▶ _TASK STATEMENT_:
Retype every line from the one containing "Given: Select the section header" through the last line of the records below, both included; leave out the pictures.

[Start of Attachment]

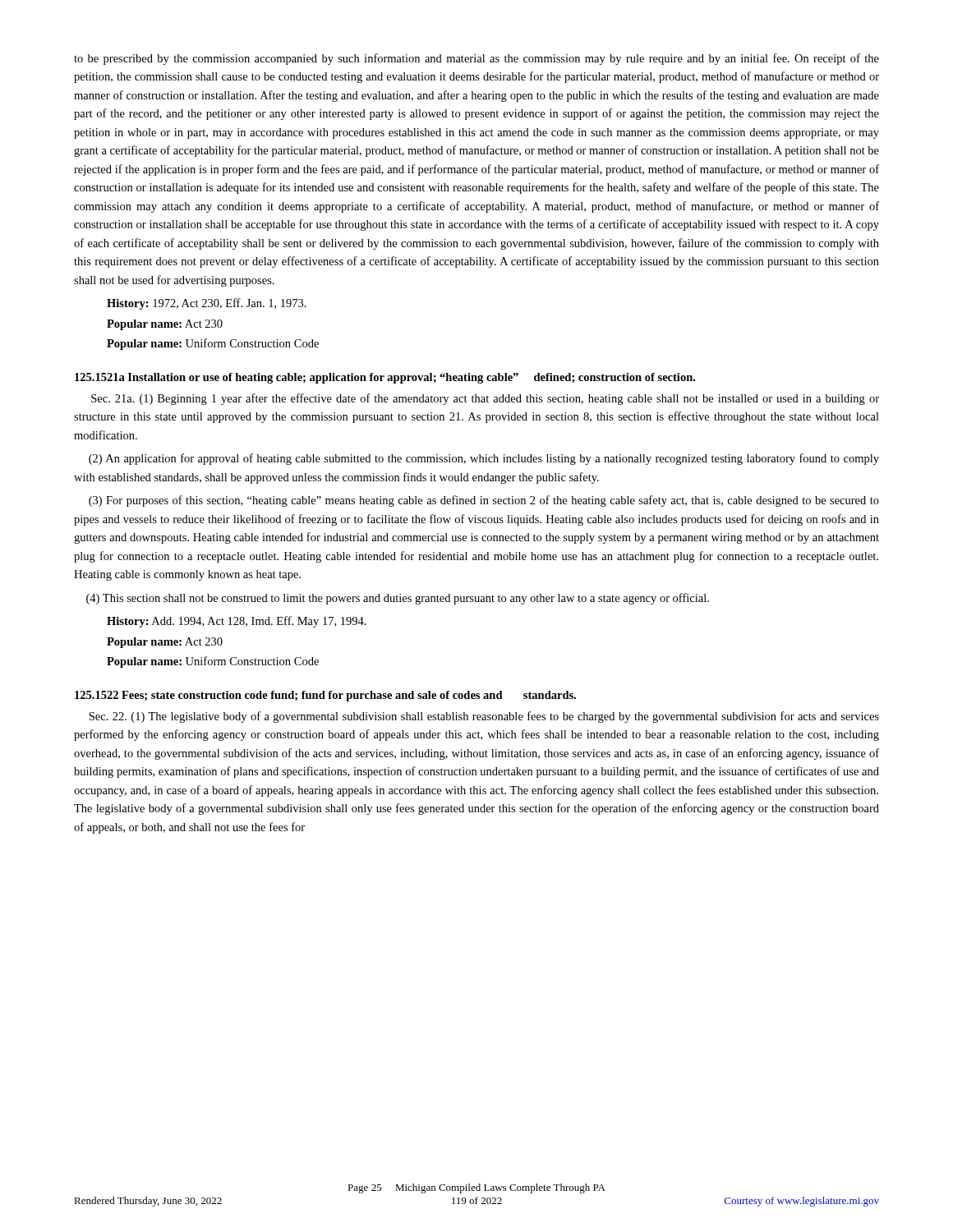Screen dimensions: 1232x953
Task: Click the passage that begins "to be prescribed by the"
Action: [476, 169]
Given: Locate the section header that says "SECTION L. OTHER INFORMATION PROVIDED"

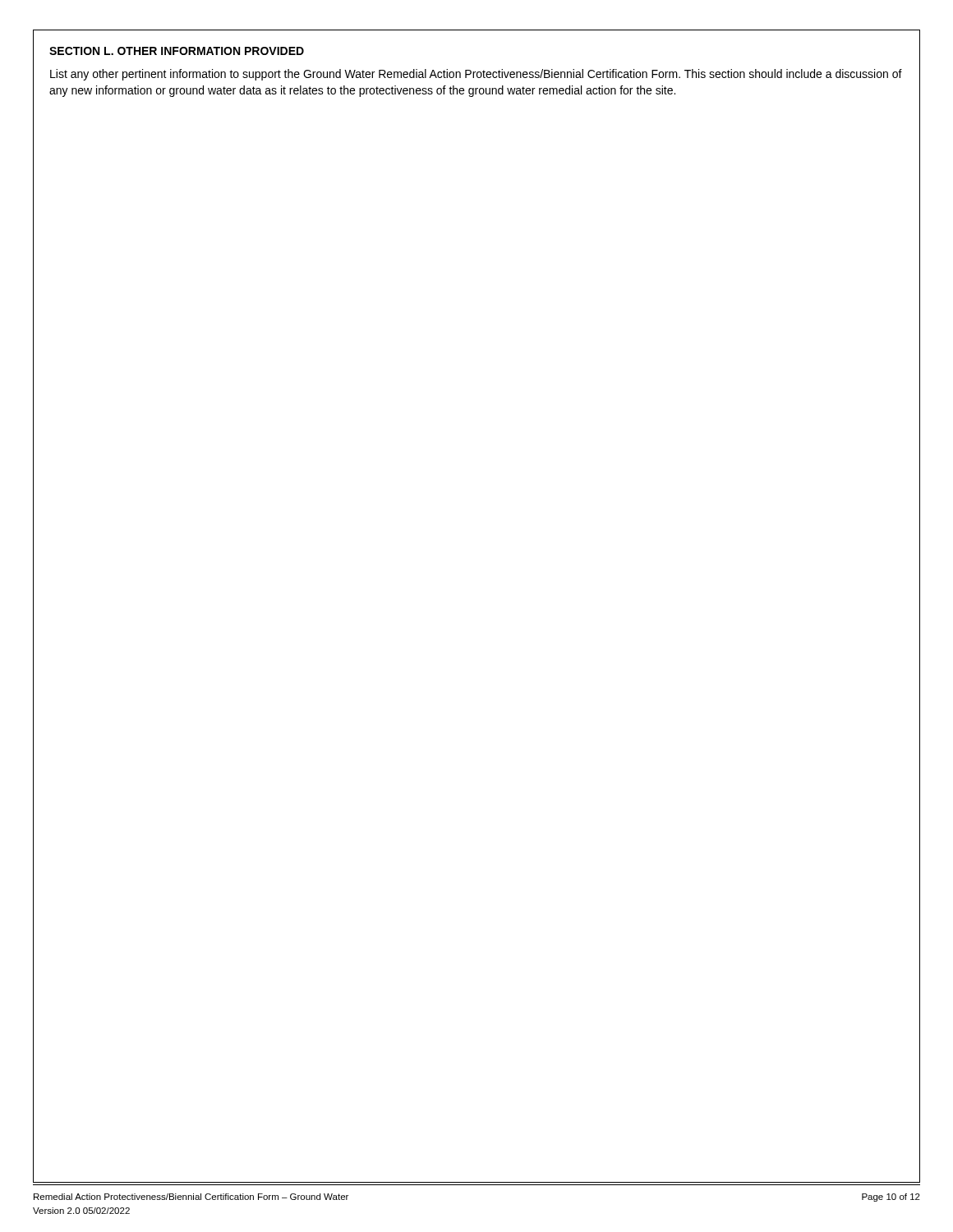Looking at the screenshot, I should tap(177, 51).
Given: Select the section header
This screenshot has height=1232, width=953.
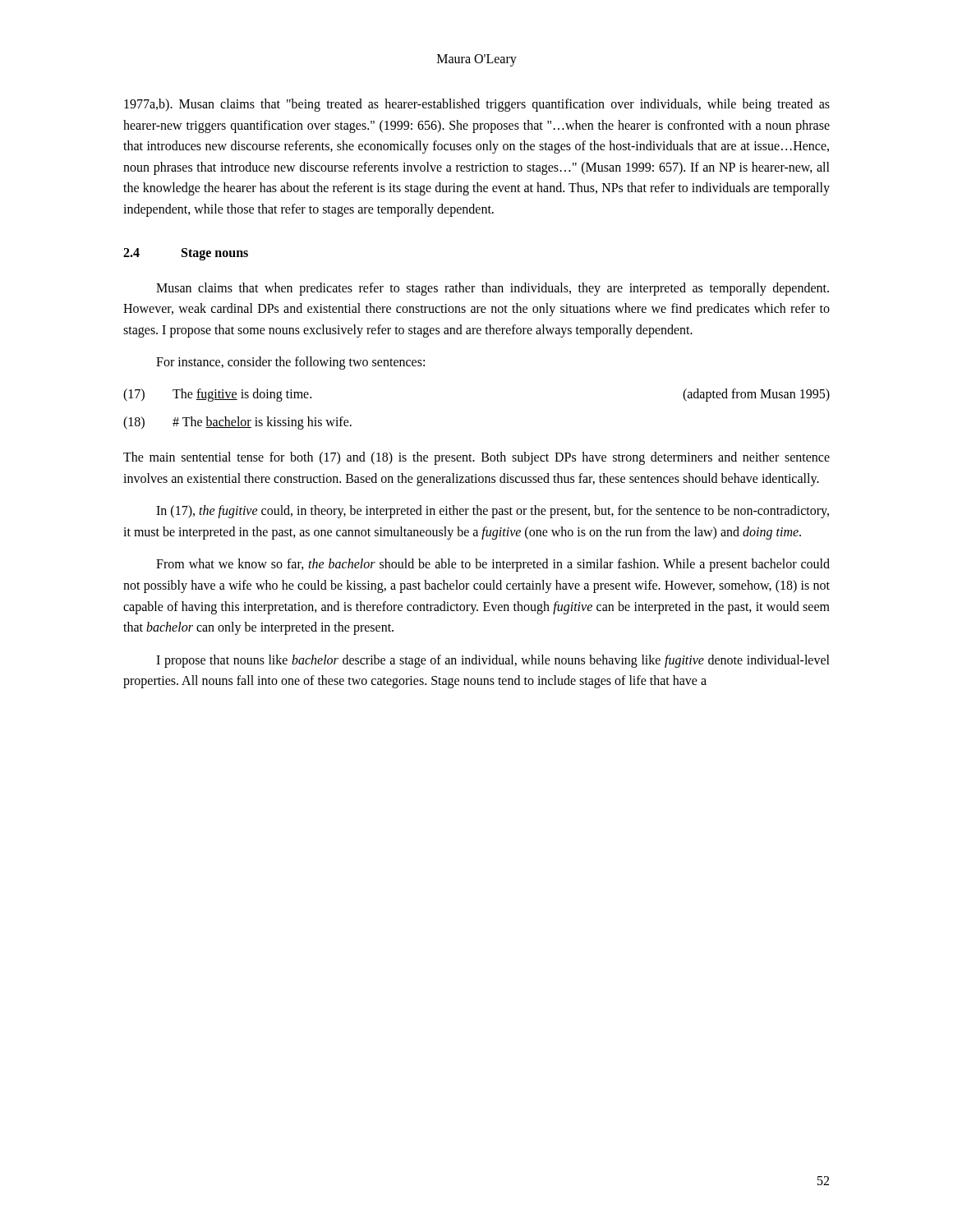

[End of Attachment]

▶ _ANSWER TO THE EXERCISE_:
Given: Select the section header
This screenshot has height=1232, width=953.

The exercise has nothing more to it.